Der Leichtes Lagerbier Alkoholgehalt unterscheidet sich nicht groß von anderen Bieren. In der Regel liegt dieser bei rund 5 Prozent, es kann mal etwas mehr und mal etwas weniger sein.

Diese Sorten gibt es

Leichtes Lagerbier und seine Sorten werden mittlerweile von vielen Brauereien vertrieben. In Deutschland ist das Bitburg Helles das bekannteste und beliebteste leichte Lagerbier. Andere beliebte Biere der Art sind: Sam Adams Light, Miller Lite, Bud Light, Heineken Premium, Old Milwaukee Light, Amstel Light und Baltika # 1 Leicht.

Leichtes Lagerbier: Aussehen und Mundgefühl

Ein leichtes Lagerbier zeichnet sich durch eine helle Farbe aus, die zumeist ein helles oder strohfarbenes Gelb annimmt. Es ist sehr klar und die Schaumkrone ist üppig, hält aber selten lange. Beim Mundgefühl können Sie bemerken, dass der Körper sehr leicht ist, was durch die Zutaten Reis oder Mais erreicht wird. Der Kohlensäuregehalt ist hoch, wodurch ein prickelndes Gefühl auf der Zunge zu bemerken ist. Ein wässriger Eindruck wird auch von so manchem Kenner diagnostiziert.

Fazit: ein echter Dauerbrenner

Es gibt viele und gute Gründe, warum sich ein leichtes Lagerbier über die Jahrhunderte gehalten die Jahrhunderte gehalten hat. Die Idee entstand wegen der größeren Haltbarkeit, welches eich Leichtes Lagerbier bietet.
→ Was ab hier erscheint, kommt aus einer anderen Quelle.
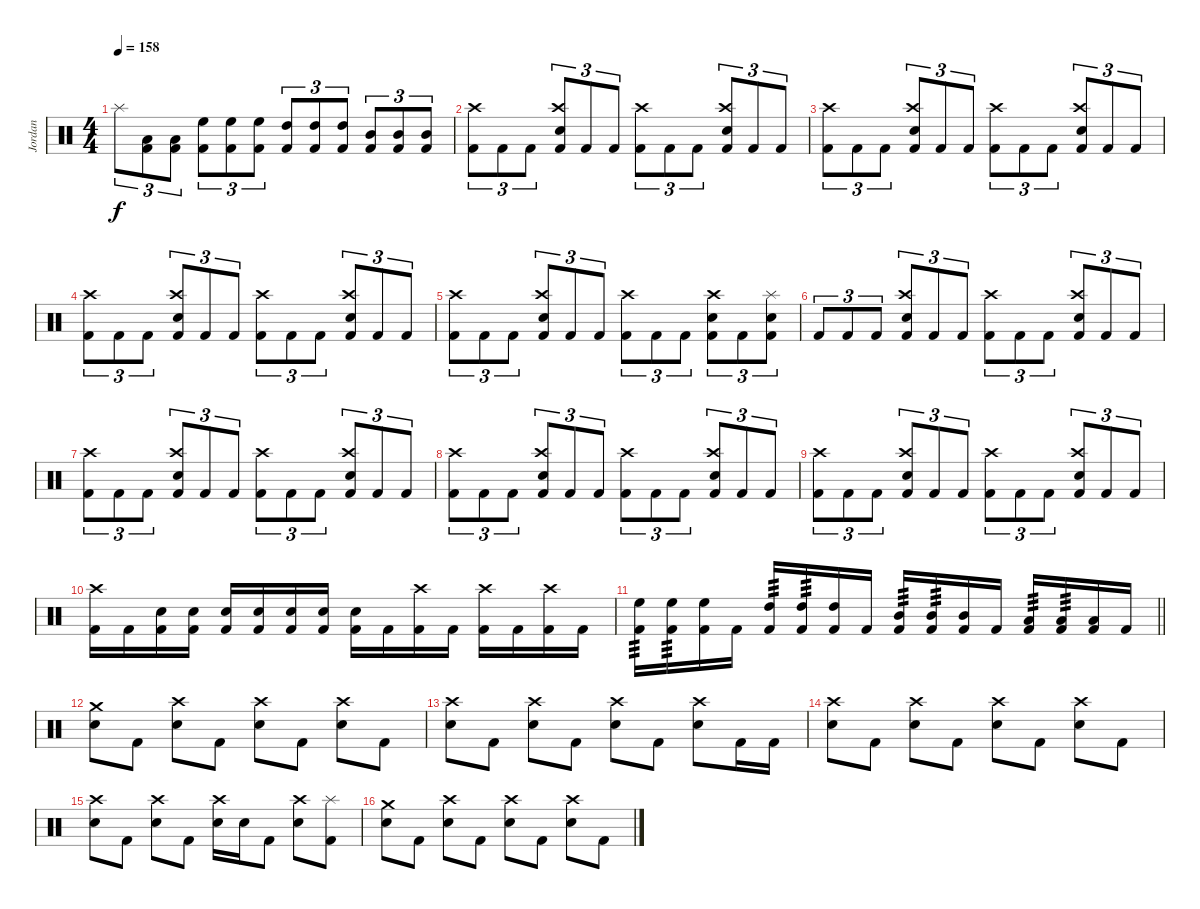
\track ("Jordan" "Jordan") {instrument percussion}
\staff {score}
\articulation defaults
\ts (4 4)
\tempo 158
\clef neutral
\ks c "Splash (hit)".8{tu (3 2) dy f}
("Low Tom (hit)" "Kick (hit) 2").8{tu (3 2)} ("Low Tom (hit)" "Kick (hit) 2").8{tu (3 2)} ("High Floor Tom (hit)" "Kick (hit) 2").8{tu (3 2)} ("High Floor Tom (hit)" "Kick (hit) 2").8{tu (3 2)} ("High Floor Tom (hit)" "Kick (hit) 2").8{tu (3 2)} ("High Tom (hit)" "Kick (hit) 2").8{tu (3 2)} ("High Tom (hit)" "Kick (hit) 2").8{tu (3 2)} ("High Tom (hit)" "Kick (hit) 2").8{tu (3 2)} ("Mid Tom (hit)" "Kick (hit) 2").8{tu (3 2)} ("Mid Tom (hit)" "Kick (hit) 2").8{tu (3 2)} ("Mid Tom (hit)" "Kick (hit) 2").8{tu (3 2)} |
("Crash high (hit)" "Kick (hit) 2").8{tu (3 2)} "Kick (hit) 2".8{tu (3 2)} "Kick (hit) 2".8{tu (3 2)} ("Crash high (hit)" "Electric Snare (hit)" "Kick (hit) 2").8{tu (3 2)} "Kick (hit) 2".8{tu (3 2)} "Kick (hit) 2".8{tu (3 2)} ("Crash high (hit)" "Kick (hit) 2").8{tu (3 2)} "Kick (hit) 2".8{tu (3 2)} "Kick (hit) 2".8{tu (3 2)} ("Crash high (hit)" "Electric Snare (hit)" "Kick (hit) 2").8{tu (3 2)} "Kick (hit) 2".8{tu (3 2)} "Kick (hit) 2".8{tu (3 2)} |
("Crash high (hit)" "Kick (hit) 2").8{tu (3 2)} "Kick (hit) 2".8{tu (3 2)} "Kick (hit) 2".8{tu (3 2)} ("Crash high (hit)" "Electric Snare (hit)" "Kick (hit) 2").8{tu (3 2)} "Kick (hit) 2".8{tu (3 2)} "Kick (hit) 2".8{tu (3 2)} ("Crash high (hit)" "Kick (hit) 2").8{tu (3 2)} "Kick (hit) 2".8{tu (3 2)} "Kick (hit) 2".8{tu (3 2)} ("Crash high (hit)" "Electric Snare (hit)" "Kick (hit) 2").8{tu (3 2)} "Kick (hit) 2".8{tu (3 2)} "Kick (hit) 2".8{tu (3 2)} |
("Crash high (hit)" "Kick (hit) 2").8{tu (3 2)} "Kick (hit) 2".8{tu (3 2)} "Kick (hit) 2".8{tu (3 2)} ("Crash high (hit)" "Electric Snare (hit)" "Kick (hit) 2").8{tu (3 2)} "Kick (hit) 2".8{tu (3 2)} "Kick (hit) 2".8{tu (3 2)} ("Crash high (hit)" "Kick (hit) 2").8{tu (3 2)} "Kick (hit) 2".8{tu (3 2)} "Kick (hit) 2".8{tu (3 2)} ("Crash high (hit)" "Electric Snare (hit)" "Kick (hit) 2").8{tu (3 2)} "Kick (hit) 2".8{tu (3 2)} "Kick (hit) 2".8{tu (3 2)} |
("Crash high (hit)" "Kick (hit) 2").8{tu (3 2)} "Kick (hit) 2".8{tu (3 2)} "Kick (hit) 2".8{tu (3 2)} ("Crash high (hit)" "Electric Snare (hit)" "Kick (hit) 2").8{tu (3 2)} "Kick (hit) 2".8{tu (3 2)} "Kick (hit) 2".8{tu (3 2)} ("Crash high (hit)" "Kick (hit) 2").8{tu (3 2)} "Kick (hit) 2".8{tu (3 2)} "Kick (hit) 2".8{tu (3 2)} ("Crash high (hit)" "Electric Snare (hit)" "Kick (hit) 2").8{tu (3 2)} "Kick (hit) 2".8{tu (3 2)} ("Splash (hit)" "Electric Snare (hit)" "Kick (hit) 2").8{tu (3 2)} |
"Kick (hit) 2".8{tu (3 2)} "Kick (hit) 2".8{tu (3 2)} "Kick (hit) 2".8{tu (3 2)} ("Crash high (hit)" "Electric Snare (hit)" "Kick (hit) 2").8{tu (3 2)} "Kick (hit) 2".8{tu (3 2)} "Kick (hit) 2".8{tu (3 2)} ("Crash high (hit)" "Kick (hit) 2").8{tu (3 2)} "Kick (hit) 2".8{tu (3 2)} "Kick (hit) 2".8{tu (3 2)} ("Crash high (hit)" "Electric Snare (hit)" "Kick (hit) 2").8{tu (3 2)} "Kick (hit) 2".8{tu (3 2)} "Kick (hit) 2".8{tu (3 2)} |
("Crash high (hit)" "Kick (hit) 2").8{tu (3 2)} "Kick (hit) 2".8{tu (3 2)} "Kick (hit) 2".8{tu (3 2)} ("Crash high (hit)" "Electric Snare (hit)" "Kick (hit) 2").8{tu (3 2)} "Kick (hit) 2".8{tu (3 2)} "Kick (hit) 2".8{tu (3 2)} ("Crash high (hit)" "Kick (hit) 2").8{tu (3 2)} "Kick (hit) 2".8{tu (3 2)} "Kick (hit) 2".8{tu (3 2)} ("Crash high (hit)" "Electric Snare (hit)" "Kick (hit) 2").8{tu (3 2)} "Kick (hit) 2".8{tu (3 2)} "Kick (hit) 2".8{tu (3 2)} |
("Crash high (hit)" "Kick (hit) 2").8{tu (3 2)} "Kick (hit) 2".8{tu (3 2)} "Kick (hit) 2".8{tu (3 2)} ("Crash high (hit)" "Electric Snare (hit)" "Kick (hit) 2").8{tu (3 2)} "Kick (hit) 2".8{tu (3 2)} "Kick (hit) 2".8{tu (3 2)} ("Crash high (hit)" "Kick (hit) 2").8{tu (3 2)} "Kick (hit) 2".8{tu (3 2)} "Kick (hit) 2".8{tu (3 2)} ("Crash high (hit)" "Electric Snare (hit)" "Kick (hit) 2").8{tu (3 2)} "Kick (hit) 2".8{tu (3 2)} "Kick (hit) 2".8{tu (3 2)} |
("Crash high (hit)" "Kick (hit) 2").8{tu (3 2)} "Kick (hit) 2".8{tu (3 2)} "Kick (hit) 2".8{tu (3 2)} ("Crash high (hit)" "Electric Snare (hit)" "Kick (hit) 2").8{tu (3 2)} "Kick (hit) 2".8{tu (3 2)} "Kick (hit) 2".8{tu (3 2)} ("Crash high (hit)" "Kick (hit) 2").8{tu (3 2)} "Kick (hit) 2".8{tu (3 2)} "Kick (hit) 2".8{tu (3 2)} ("Crash high (hit)" "Electric Snare (hit)" "Kick (hit) 2").8{tu (3 2)} "Kick (hit) 2".8{tu (3 2)} "Kick (hit) 2".8{tu (3 2)} |
("Crash high (hit)" "Kick (hit) 2").16 "Kick (hit) 2".16 ("Electric Snare (hit)" "Kick (hit) 2").16 ("Electric Snare (hit)" "Kick (hit) 2").16 ("Electric Snare (hit)" "Kick (hit) 2").16 ("Electric Snare (hit)" "Kick (hit) 2").16 ("Electric Snare (hit)" "Kick (hit) 2").16 ("Electric Snare (hit)" "Kick (hit) 2").16 ("Electric Snare (hit)" "Kick (hit) 2").16 "Kick (hit) 2".16 ("Crash high (hit)" "Kick (hit) 2").16 "Kick (hit) 2".16 ("Crash high (hit)" "Kick (hit) 2").16 "Kick (hit) 2".16 ("Crash high (hit)" "Kick (hit) 2").16 "Kick (hit) 2".16 |
\barLineRight lightlight
("High Floor Tom (hit)" "Kick (hit) 2").16{tp 3} ("High Floor Tom (hit)" "Kick (hit) 2").16{tp 3} ("High Floor Tom (hit)" "Kick (hit) 2").16 "Kick (hit) 2".16 ("High Tom (hit)" "Kick (hit) 2").16{tp 3} ("High Tom (hit)" "Kick (hit) 2").16{tp 3} ("High Tom (hit)" "Kick (hit) 2").16 "Kick (hit) 2".16 ("Mid Tom (hit)" "Kick (hit) 2").16{tp 3} ("Mid Tom (hit)" "Kick (hit) 2").16{tp 3} ("Mid Tom (hit)" "Kick (hit) 2").16 "Kick (hit) 2".16 ("Low Tom (hit)" "Kick (hit) 2").16{tp 3} ("Low Tom (hit)" "Kick (hit) 2").16{tp 3} ("Low Tom (hit)" "Kick (hit) 2").16 "Kick (hit) 2".16 |
("Crash medium (hit)" "Electric Snare (hit)").8 "Kick (hit) 2".8 ("Crash high (hit)" "Electric Snare (hit)").8 "Kick (hit) 2".8 ("Crash high (hit)" "Electric Snare (hit)").8 "Kick (hit) 2".8 ("Crash high (hit)" "Electric Snare (hit)").8 "Kick (hit) 2".8 |
("Crash high (hit)" "Electric Snare (hit)").8 "Kick (hit) 2".8 ("Crash high (hit)" "Electric Snare (hit)").8 "Kick (hit) 2".8 ("Crash high (hit)" "Electric Snare (hit)").8 "Kick (hit) 2".8 ("Crash high (hit)" "Electric Snare (hit)").8 "Kick (hit) 2".16 "Kick (hit) 2".16 |
("Crash high (hit)" "Electric Snare (hit)").8 "Kick (hit) 2".8 ("Crash high (hit)" "Electric Snare (hit)").8 "Kick (hit) 2".8 ("Crash high (hit)" "Electric Snare (hit)").8 "Kick (hit) 2".8 ("Crash high (hit)" "Electric Snare (hit)").8 "Kick (hit) 2".8 |
("Crash high (hit)" "Electric Snare (hit)").8 "Kick (hit) 2".8 ("Crash high (hit)" "Electric Snare (hit)").8 "Kick (hit) 2".8 ("Crash high (hit)" "Electric Snare (hit)").16 "Electric Snare (hit)".16 "Kick (hit) 2".8 ("Crash high (hit)" "Electric Snare (hit)").8 ("Splash (hit)" "Kick (hit) 2").8 |
("Crash medium (hit)" "Electric Snare (hit)").8 "Kick (hit) 2".8 ("Crash high (hit)" "Electric Snare (hit)").8 "Kick (hit) 2".8 ("Crash high (hit)" "Electric Snare (hit)").8 "Kick (hit) 2".8 ("Crash high (hit)" "Electric Snare (hit)").8 "Kick (hit) 2".8

Doch auch der Geschmack ist ein Hauptgrund dafür, dass Leichte Lagerbiere sich noch heute großer Beliebtheit erfreuen. Viele Brauereien versuchen sich mittlerweile auf der ganzen Welt mit Leichten Lagerbieren. In Deutschland ist das Bitburg Helles beliebt – es gibt aber auch viele andere Beispiele. Ein Leichtes Lagerbier zeichnet sich durch den Einsatz von viel Mais und Reis aus, welcher statt Hopfen und Weizen verwendet wird.